Let’s look back about nineteen hundred years to when an unknown Christian writer introduced a novel idea about the weekly holy day. The proper day for Christians to observe, he suggested, is not the seventh day, as the Ten Commandments have it. It is the eighth day, the day following the Sabbath—the day we know as Sunday—that should be kept holy.

It seems an irrational arithmetic that allows Sunday to be both the first day and the eighth day of a seven-day weekly cycle. If you throw logic to the wind, however, the message is simple: Sunday is superior to Sabbath (Saturday) just as eight is superior to seven.

This elevation of Sunday – which came to be called “the Lord’s day” – over the Old Testament Sabbath is just one small piece of the history of the Sabbath. Some Christians took it for granted that the church could properly transfer the sacred nature of the Sabbath from one day to another. Whether or not the church has ever had that kind of authority is another matter altogether. That’s a theological issue. Here we are dealing with history.

First Century Christians in Jewish Synagogues? Wake Up and Smell the History!

Is there historical evidence that either Jesus or His disciples established Sunday as the new Sabbath for Christians? No. In fact, history shows just the opposite. In the final years of the 1st century Christians were still worshipping with Jews. On the Sabbath. In the synagogues.

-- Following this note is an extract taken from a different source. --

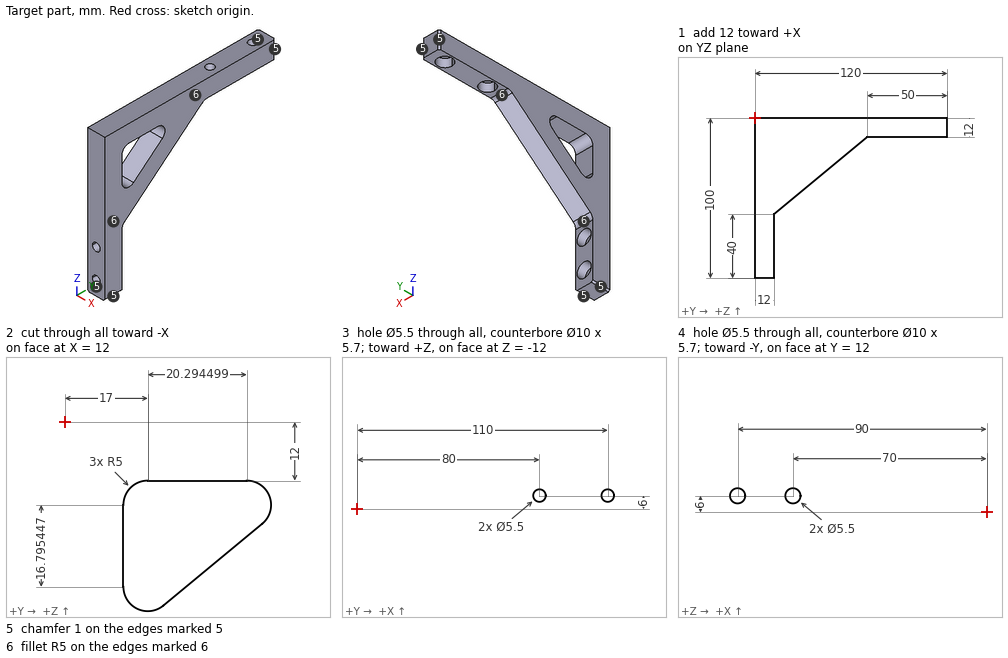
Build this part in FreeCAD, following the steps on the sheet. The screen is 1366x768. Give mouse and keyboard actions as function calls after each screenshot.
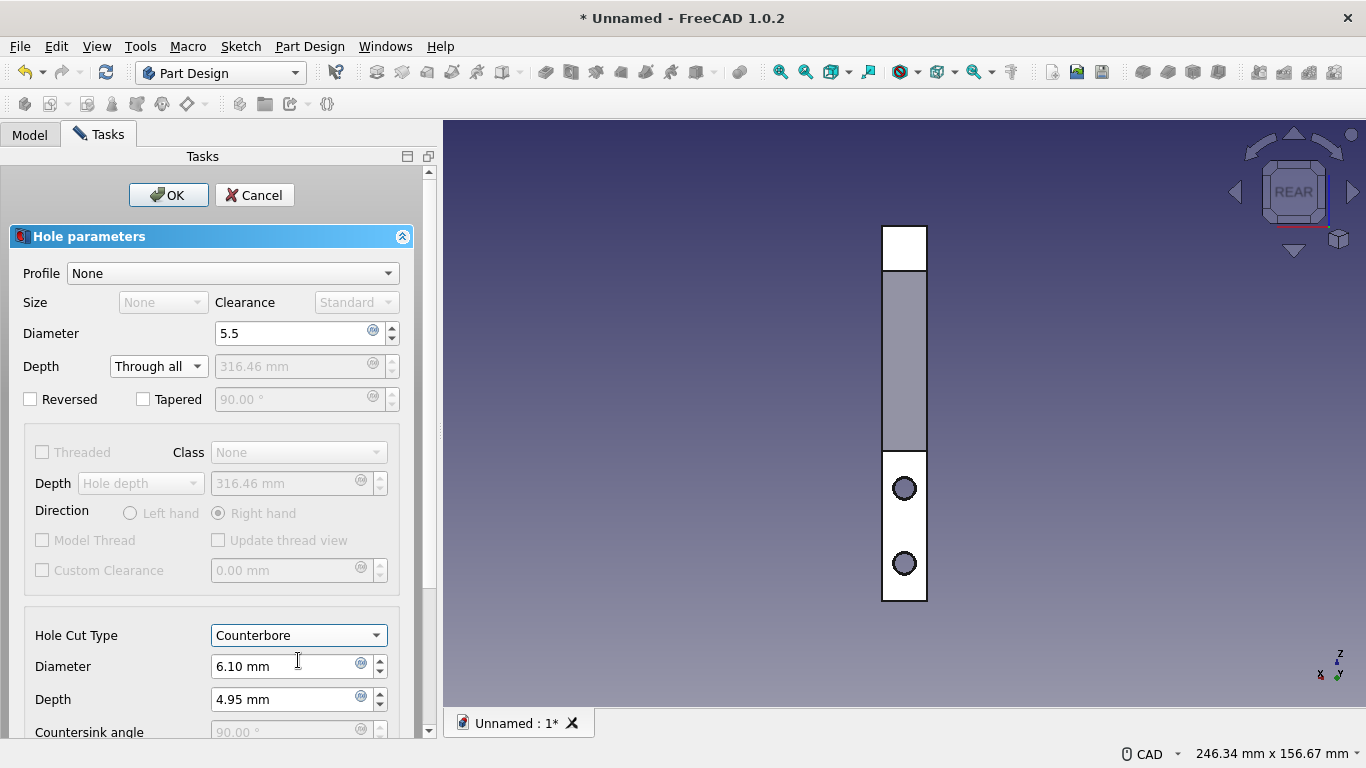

At that time, Christianity was not a legal religion within the Roman Empire. Judaism was. There were no Christian church buildings. It’s clear that Christians attended Sabbath services in the Jewish synagogues.

We know this because of Jewish reaction against the Christians who joined in the synagogue services. Near the end of the 1st century, Jewish rabbis added a “benediction” to prayers that were recited in the synagogues. It is called the “blessing on the heretics,” but it’s actually a curse directed at Christian converts. Watch the video.

Seventh-day Sabbath Survived!

Seventh-day Sabbath Survived!

There is no New Testament authority for establishing Sunday as a holy day for believers. There are only eight references to the first day of the week in the NT, and six of those are part of the resurrection narratives. None of the eight can be reasonably construed as establishing the first day of the week as a replacement for the Sabbath.

But whatever the reason, Sunday eventually became the prominent Christian day of worship, displacing the Sabbath from that role. But this change was a gradual one. The earliest clear evidence is found in two 2nd-century documents: the Epistle of Barnabas (from Alexandria, Egypt), and the writings of Justin Martyr (from Rome.)

But the issue was far from settled in the 2nd century.

For hundreds of years the Sabbath and Sunday (“the Lord’s day”) were both observed. The bishops at the council of Laodicea (mid-4th century) agreed on a change in the Sabbath church services: “The Gospels are to be read on the Sabbath, i.e. Saturday, with the other Scriptures.” (Canon 16)

(Remember, we’re talking about what happened roughly 300 years after the crucifixion and resurrection of Jesus.)

“Christians must not Judaize [refrain from labor] by resting on the Sabbath, but must work on that day, rather honouring the Lord’s Day; and, if they can, resting then as Christians. But if any shall be found to be judaizers, let them be anathema from Christ.” (Canon 29)

This shows us that Sabbath observance survived for hundreds of years after the time of Christ. The institutional church, represented by the bishops, wanted to exalt Sunday [the Lord’s day] by dampening the popularity of the Sabbath and the Sabbath rest.

Their efforts were not completely successful, at least outside the church’s two great centers of influence – Rome and Alexandria. Another century and more went by before Socrates Scholasticus wrote:

“For although almost all churches throughout the world celebrate the sacred mysteries on the sabbath of every week, yet the Christians of Alexandria and at Rome, on account of some ancient tradition, have ceased to do this.” (The Ecclesiastical History of Socrates Scholasticas, Book V Chapter XXII)

The biblical day of sacred time continued to be observed. The Sabbath survived.